ABOUT THIS TASK
Each entry needs to be retyped exactly, with nothing added or dropped.

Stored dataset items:

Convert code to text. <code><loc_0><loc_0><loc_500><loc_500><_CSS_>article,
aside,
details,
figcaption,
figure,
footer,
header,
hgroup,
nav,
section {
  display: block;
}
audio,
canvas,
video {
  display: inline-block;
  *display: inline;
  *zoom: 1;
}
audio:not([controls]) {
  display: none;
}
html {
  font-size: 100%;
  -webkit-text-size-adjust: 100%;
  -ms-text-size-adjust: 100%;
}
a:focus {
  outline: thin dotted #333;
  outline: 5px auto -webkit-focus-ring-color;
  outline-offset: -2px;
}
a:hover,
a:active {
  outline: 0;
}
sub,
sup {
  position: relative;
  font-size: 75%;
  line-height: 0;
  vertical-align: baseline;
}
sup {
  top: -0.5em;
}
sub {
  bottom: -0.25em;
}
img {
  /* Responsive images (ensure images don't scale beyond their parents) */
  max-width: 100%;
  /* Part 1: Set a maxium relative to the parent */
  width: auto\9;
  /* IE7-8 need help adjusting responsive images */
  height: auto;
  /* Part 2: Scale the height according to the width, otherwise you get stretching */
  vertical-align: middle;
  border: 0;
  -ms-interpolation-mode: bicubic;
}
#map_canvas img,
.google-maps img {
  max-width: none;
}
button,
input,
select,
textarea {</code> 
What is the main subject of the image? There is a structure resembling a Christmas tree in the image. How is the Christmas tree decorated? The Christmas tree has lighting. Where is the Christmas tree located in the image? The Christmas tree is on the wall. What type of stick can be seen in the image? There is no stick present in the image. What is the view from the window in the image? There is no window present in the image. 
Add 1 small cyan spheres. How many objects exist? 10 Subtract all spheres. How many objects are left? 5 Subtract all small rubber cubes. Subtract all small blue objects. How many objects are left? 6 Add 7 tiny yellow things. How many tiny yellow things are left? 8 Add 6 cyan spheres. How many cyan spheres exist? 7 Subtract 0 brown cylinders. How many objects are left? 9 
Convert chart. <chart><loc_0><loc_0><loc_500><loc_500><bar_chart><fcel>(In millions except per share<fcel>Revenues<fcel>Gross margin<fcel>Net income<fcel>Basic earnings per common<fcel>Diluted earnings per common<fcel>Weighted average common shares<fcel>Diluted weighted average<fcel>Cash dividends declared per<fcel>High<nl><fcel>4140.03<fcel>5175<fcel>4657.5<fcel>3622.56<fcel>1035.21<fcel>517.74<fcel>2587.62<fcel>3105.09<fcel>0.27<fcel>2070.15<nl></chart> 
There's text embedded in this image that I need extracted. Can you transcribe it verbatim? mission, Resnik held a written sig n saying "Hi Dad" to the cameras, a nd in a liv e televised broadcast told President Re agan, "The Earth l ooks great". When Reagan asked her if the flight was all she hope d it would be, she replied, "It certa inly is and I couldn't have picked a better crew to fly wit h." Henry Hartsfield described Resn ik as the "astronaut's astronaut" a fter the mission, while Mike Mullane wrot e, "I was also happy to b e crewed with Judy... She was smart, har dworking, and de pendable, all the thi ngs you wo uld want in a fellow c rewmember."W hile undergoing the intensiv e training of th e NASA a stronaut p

RESPONSE
Convert code to text. <code><loc_0><loc_0><loc_500><loc_500><_CSS_>article,
aside,
details,
figcaption,
figure,
footer,
header,
hgroup,
nav,
section {
  display: block;
}
audio,
canvas,
video {
  display: inline-block;
  *display: inline;
  *zoom: 1;
}
audio:not([controls]) {
  display: none;
}
html {
  font-size: 100%;
  -webkit-text-size-adjust: 100%;
  -ms-text-size-adjust: 100%;
}
a:focus {
  outline: thin dotted #333;
  outline: 5px auto -webkit-focus-ring-color;
  outline-offset: -2px;
}
a:hover,
a:active {
  outline: 0;
}
sub,
sup {
  position: relative;
  font-size: 75%;
  line-height: 0;
  vertical-align: baseline;
}
sup {
  top: -0.5em;
}
sub {
  bottom: -0.25em;
}
img {
  /* Responsive images (ensure images don't scale beyond their parents) */
  max-width: 100%;
  /* Part 1: Set a maxium relative to the parent */
  width: auto\9;
  /* IE7-8 need help adjusting responsive images */
  height: auto;
  /* Part 2: Scale the height according to the width, otherwise you get stretching */
  vertical-align: middle;
  border: 0;
  -ms-interpolation-mode: bicubic;
}
#map_canvas img,
.google-maps img {
  max-width: none;
}
button,
input,
select,
textarea {</code> 
What is the main subject of the image? There is a structure resembling a Christmas tree in the image. How is the Christmas tree decorated? The Christmas tree has lighting. Where is the Christmas tree located in the image? The Christmas tree is on the wall. What type of stick can be seen in the image? There is no stick present in the image. What is the view from the window in the image? There is no window present in the image. 
Add 1 small cyan spheres. How many objects exist? 10 Subtract all spheres. How many objects are left? 5 Subtract all small rubber cubes. Subtract all small blue objects. How many objects are left? 6 Add 7 tiny yellow things. How many tiny yellow things are left? 8 Add 6 cyan spheres. How many cyan spheres exist? 7 Subtract 0 brown cylinders. How many objects are left? 9 
Convert chart. <chart><loc_0><loc_0><loc_500><loc_500><bar_chart><fcel>(In millions except per share<fcel>Revenues<fcel>Gross margin<fcel>Net income<fcel>Basic earnings per common<fcel>Diluted earnings per common<fcel>Weighted average common shares<fcel>Diluted weighted average<fcel>Cash dividends declared per<fcel>High<nl><fcel>4140.03<fcel>5175<fcel>4657.5<fcel>3622.56<fcel>1035.21<fcel>517.74<fcel>2587.62<fcel>3105.09<fcel>0.27<fcel>2070.15<nl></chart> 
There's text embedded in this image that I need extracted. Can you transcribe it verbatim? mission, Resnik held a written sig n saying "Hi Dad" to the cameras, a nd in a liv e televised broadcast told President Re agan, "The Earth l ooks great". When Reagan asked her if the flight was all she hope d it would be, she replied, "It certa inly is and I couldn't have picked a better crew to fly wit h." Henry Hartsfield described Resn ik as the "astronaut's astronaut" a fter the mission, while Mike Mullane wrot e, "I was also happy to b e crewed with Judy... She was smart, har dworking, and de pendable, all the thi ngs you wo uld want in a fellow c rewmember."W hile undergoing the intensiv e training of th e NASA a stronaut p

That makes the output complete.